Sur les autres administrations et personnes morales habilitées à se voir délivrer le B2 :
Le projet de décret procède â d'autres modifications de l'article R. 79 du CPP.
En premier lieu, il prévoit d'ajouter, au titre des « administrations publiques de l'Etat chargées de la police des étrangers » habilitées à se voir délivrer le B2, l'Office français de protection des réfugiés et apatrides (OFPRA) ainsi que la Cour nationale du droit d'asile (CNDA).
Le code de l'entrée et du séjour des étrangers et du droit d'asile (CESEDA) prévoit en effet certaines restrictions s'agissant des conditions d'octroi de l'asile. Ainsi, le statut de réfugié et la protection subsidiaire peuvent être refuses au demandeur s'il constitue une menace ou s'il a commis des infractions d'une particulière gravité (articles L. 711-6 et L. 712-2).
Le B2 étant, en pratique, déjà délivré à ces organismes, le ministère a souhaité faire apparaître expressément cette possibilité à l'article R. 79, ce dont la Commission prend acte.
En second lieu, le projet de décret procède à des ajustements rédactionnels s'agissant des organismes mentionnés au 8' de l'article R. 79 et supprime deux catégories de destinataires, ce qui n'appelle pas d'observation particulière de la part de la Commission.

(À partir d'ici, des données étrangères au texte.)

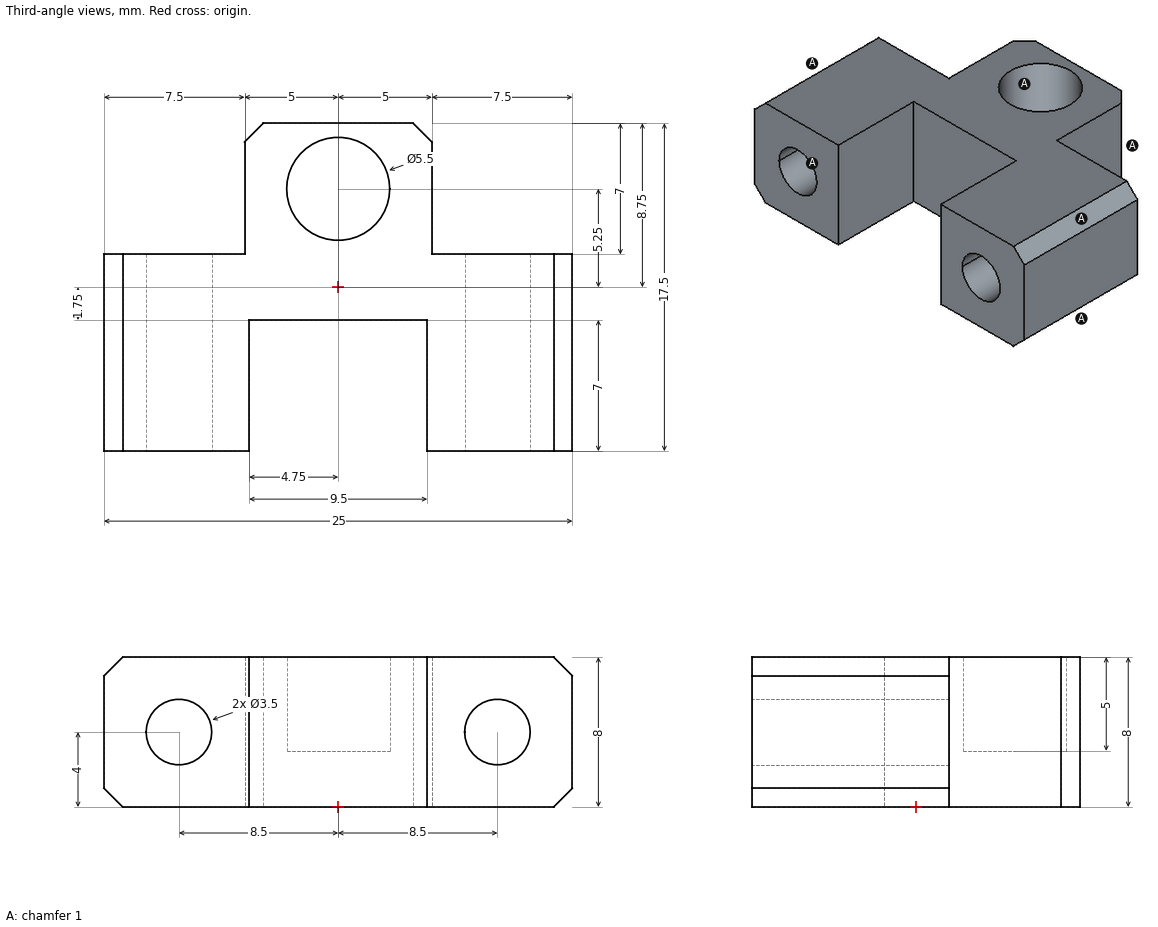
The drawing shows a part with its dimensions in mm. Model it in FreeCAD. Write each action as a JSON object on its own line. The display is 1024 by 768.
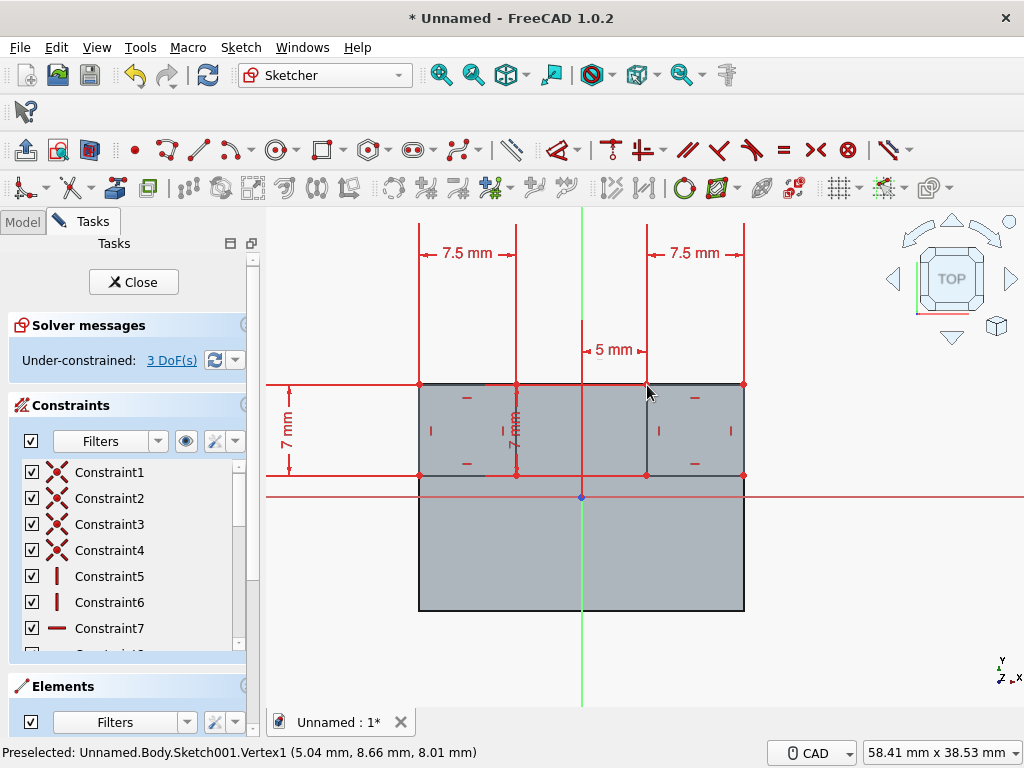
{"action": "left_click", "coordinate": [516, 476]}

Sur les modifications des conditions de délivrance du bulletin n° 3 du casier judiciaire :
L'article 4 du projet de décret vise à modifier l'article R. 83 du CPP, qui prévoit que « la vérification d'identité prévue par l'article R. 77 doit être effectuée avant l'établissement du bulletin n0 3 des personnes nées en France. Si le résultat de cet examen s'avère négatif, le service du casier judiciaire national automatisé ne délivrera le bulletin n° 3 qu'au vu d'une fiche d'état civil ».
Or, la fiche individuelle d'état civil et de nationalité française et la fiche familiale d'état civil ont été supprimées par le décret n° 2000-1277 du 26 décembre 2000 portant simplification des formalités administratives. La modification envisagée vise donc à substituer à cette formulation celle d'« acte de naissance », ce qui n'appelle pas d'observation particulière de la part de la Commission.
L'article 5 du projet de décret modifie l'article R. 84 du CPP relatif à la délivrance du B3. Actuellement, les B3 qui ne comportent aucune mention sont adressés à la personne sous lettre simple. En revanche, si le bulletin compte des mentions, il est délivré soit en main propre, soit par lettre recommandée avec accusé de réception.
La modification envisagée vise à permettre la délivrance par voie électronique des B3 qui ne comportent aucune condamnation. L'objectif de cette dématérialisation est de permettre une amélioration du service rendu aux demandeurs (simplification, accélération de la transmission des réponses), une rationalisation de l'organisation du service grâce à l'automatisation des processus de traitement des bulletins et une réduction substantielle des frais de justice du CJN.
Si cette dématérialisation ne suscite aucune réserve de principe de la part de la Commission, elle relève néanmoins que ce projet est en cours de conception et que les éléments techniques qui lui ont été communiqués ne sont qu'informatifs.
Dès lors, la Commission rappelle que la documentation technique définitive devra fui être communiquée préalablement à la mise en œuvre de cette nouvelle fonctionnalité, afin de lui permettre de l'examiner en toute connaissance de cause.
A cet égard, elle rappelle qu'il incombe au responsable de traitement de veiller au respect de certaines exigences, notamment, en l'espèce, quant à la confidentialité des données, à l'authentification du demandeur du B3 et à l'authenticité du bulletin n° 3 ainsi délivré.